Saturday, April 10, 2010

Manase Tonga Impresses NFL With Test Score

Manase Tonga continues to defy.

This is a guy who gray-shirted at Utah before an LDS mission, then came back and created a nice notch in BYU's football program as a devastating leading blocker.

But his junior year in Provo, Tonga lost focus academically, fell so far behind that the school released him and mandated strict requirements for him to catch up and return.

And he did in 2009, barely, not knowing if he'd succeeded until right before two-a-days began last August.

After attending Utah Valley University and doing a patch-up job on his transcripts, he found a way to jump over some extremely stiff hurdles and penalties and made it back to BYU for a senior year that included a key role on an 11-2 nationally ranked team.

Then came his NFL tests this winter, which included a 4.8 time in the 40-yard dash as a 245-pound man.

Two months ago at the NFL Combine in Indianapolis, an event that requires an invitation from the league's franchises, Tonga posted the second-highest score among running backs in the Wonderlic test, an intelligence quiz. It's a 12-minute, 50-question test designed to measure aptitude for adapting to certain situations. It's a multiple-choice test with increasing difficulty.

Somehow, this doesn't add up. Literally.

"Man, I wasn't expecting that," Tonga said Friday from Indianapolis where he was doing some rechecks on some medical examinations for the draft.

"I was just filling in the bubbles, hoping for a score," he said with a stroke of humility.

"I got lucky."

This week his college position coach, Lance Reynolds, said it absolutely tracks with what he knows of Tonga, a guy with an impressive mind. With school, Tonga got casual with attendance and assignments; it wasn't that he couldn't do the work.

"The football part, he was always very, very smart. You could see it the way he moved around, not hesitating, getting to the right place at the right time, getting open on a route, doing it with speed a guy his size isn't supposed to have," said Reynolds.

Tonga finished second to Stanford's Toby Gerhart, who posted a score of 30.

Tonga had a 29. These scores are not available from the NFL, but they eventually leak out from agents of players who have access in the weeks that follow the combine.

"Manase didn't focus like he should have in the classroom, but he is very smart. It doesn't surprise me that he scored that well.

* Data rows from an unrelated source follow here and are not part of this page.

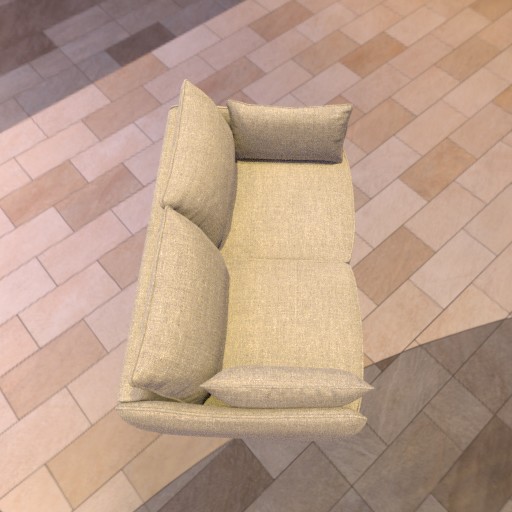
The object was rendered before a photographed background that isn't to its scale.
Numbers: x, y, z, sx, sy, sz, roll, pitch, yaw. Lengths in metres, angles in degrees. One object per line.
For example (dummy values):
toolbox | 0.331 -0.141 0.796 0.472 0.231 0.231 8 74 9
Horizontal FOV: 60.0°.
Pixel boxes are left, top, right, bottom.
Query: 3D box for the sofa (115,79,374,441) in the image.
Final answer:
sofa | 0.000 0.000 2.085 0.972 0.851 1.580 2 63 1
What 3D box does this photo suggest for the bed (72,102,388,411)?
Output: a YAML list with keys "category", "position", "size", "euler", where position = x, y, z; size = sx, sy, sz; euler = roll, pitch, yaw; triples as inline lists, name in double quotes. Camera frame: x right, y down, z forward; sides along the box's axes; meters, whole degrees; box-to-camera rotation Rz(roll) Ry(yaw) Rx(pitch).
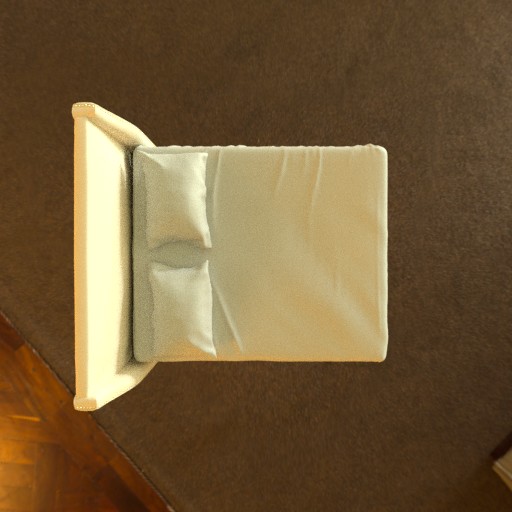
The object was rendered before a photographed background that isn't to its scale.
- category: "bed"
  position: [0.000, 0.000, 3.374]
  size: [2.276, 1.332, 1.925]
  euler: [0, 91, 0]
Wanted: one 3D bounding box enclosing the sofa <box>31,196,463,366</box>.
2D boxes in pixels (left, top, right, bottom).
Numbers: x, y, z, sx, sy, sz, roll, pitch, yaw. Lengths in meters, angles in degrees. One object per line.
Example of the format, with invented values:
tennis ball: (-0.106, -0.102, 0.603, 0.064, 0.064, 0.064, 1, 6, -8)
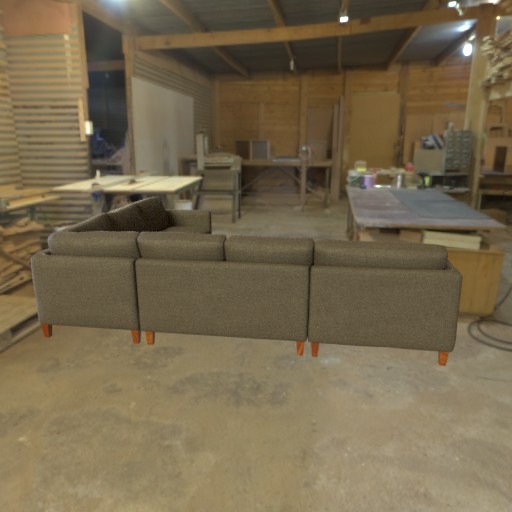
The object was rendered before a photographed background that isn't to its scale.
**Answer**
sofa: (0.000, 0.000, 4.714, 3.460, 0.961, 2.594, 2, 15, 8)
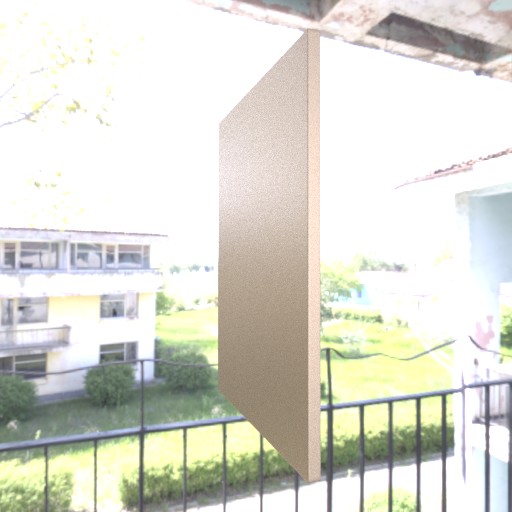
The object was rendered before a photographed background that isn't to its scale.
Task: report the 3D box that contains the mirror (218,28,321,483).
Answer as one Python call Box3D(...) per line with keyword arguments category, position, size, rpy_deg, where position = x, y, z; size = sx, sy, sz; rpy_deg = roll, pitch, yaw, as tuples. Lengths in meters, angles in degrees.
Box3D(category="mirror", position=(0.000, 0.000, 1.355), size=(0.032, 1.023, 0.756), rpy_deg=(0, 0, -20))
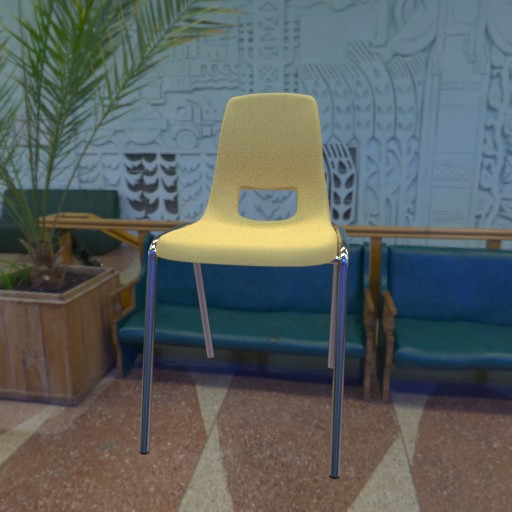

In team meetings, you could ask him a question and he could be half asleep and give you the right answer, a good answer," said Reynolds.

To put the score in perspective, the average score for a quarterback is 24.

Florida Heisman Trophy winner Tim Tebow had a 22, according to the Palm Beach Post, and John Beck scored a 34 in 2007. The average score for participants is 21.

The NFL created a new Wonderlic test in 2007 because agents were obtaining copies and helped clients memorize answers.

Of note, since the NFL started to use the Wonderlic Test in the early 1970s, only one athlete, Harvard receiver Pat McInally, registered a perfect score of 50. Other interesting scores over the years include quarterbacks Alex Smith (40), Eli Manning (39), Steve Young (33), John Elway (29) and this year's QBs Sam Bradford, Oklahoma (36); Colt McCoy, Texas (25); and Notre Dame's Jimmy Clausen (23).

So, Tonga scored higher than Clausen, McCoy, Tebow and John Elway.

Sample Wonderlic questions include stuff like this: A train travels 20 feet in 1/5 second. At this same speed, how many feet will it travel in three seconds? And, when rope is selling at 10 cents a foot, how many feet can you buy for sixty cents? You might remember Texas quarterback Vince Young scored a 6, then upon taking it again, got a 15. The meaning of all this is a little dubious because Dan Marino and Terry Bradshaw both scored 15.

Tonga's score of 29 was ahead of LSU's Charles Scott (26) and Tennessee's Montario Hardesty at 25. While the Wonderlic doesn't accurately forecast how high a player will be drafted or if he'll even succeed in the NFL, it is a tool to tell if a player is capable of managing information. But even that isn't an exact science.

"Manase is a very sharp young man," said Reynolds.

"I think I did pretty well, and that Wonderlic score helped. I don't know what will happen. At the worst case, I won't get drafted but I think I'll get my shot."

Tonga's one solid workout came with the Patriots. "I'm waiting for a couple of more to come," he said.
The test.

In the case of Tonga, it adds to the anecdotal file of how impressive this guy is and what he's accomplished. It remains to be seen where he'll be drafted, or if he'll even make a team.

But it is said around BYU's campus that Tonga is a better blocker than Fahu Tahi and Fui Vakapuna — and they've cashed NFL paychecks.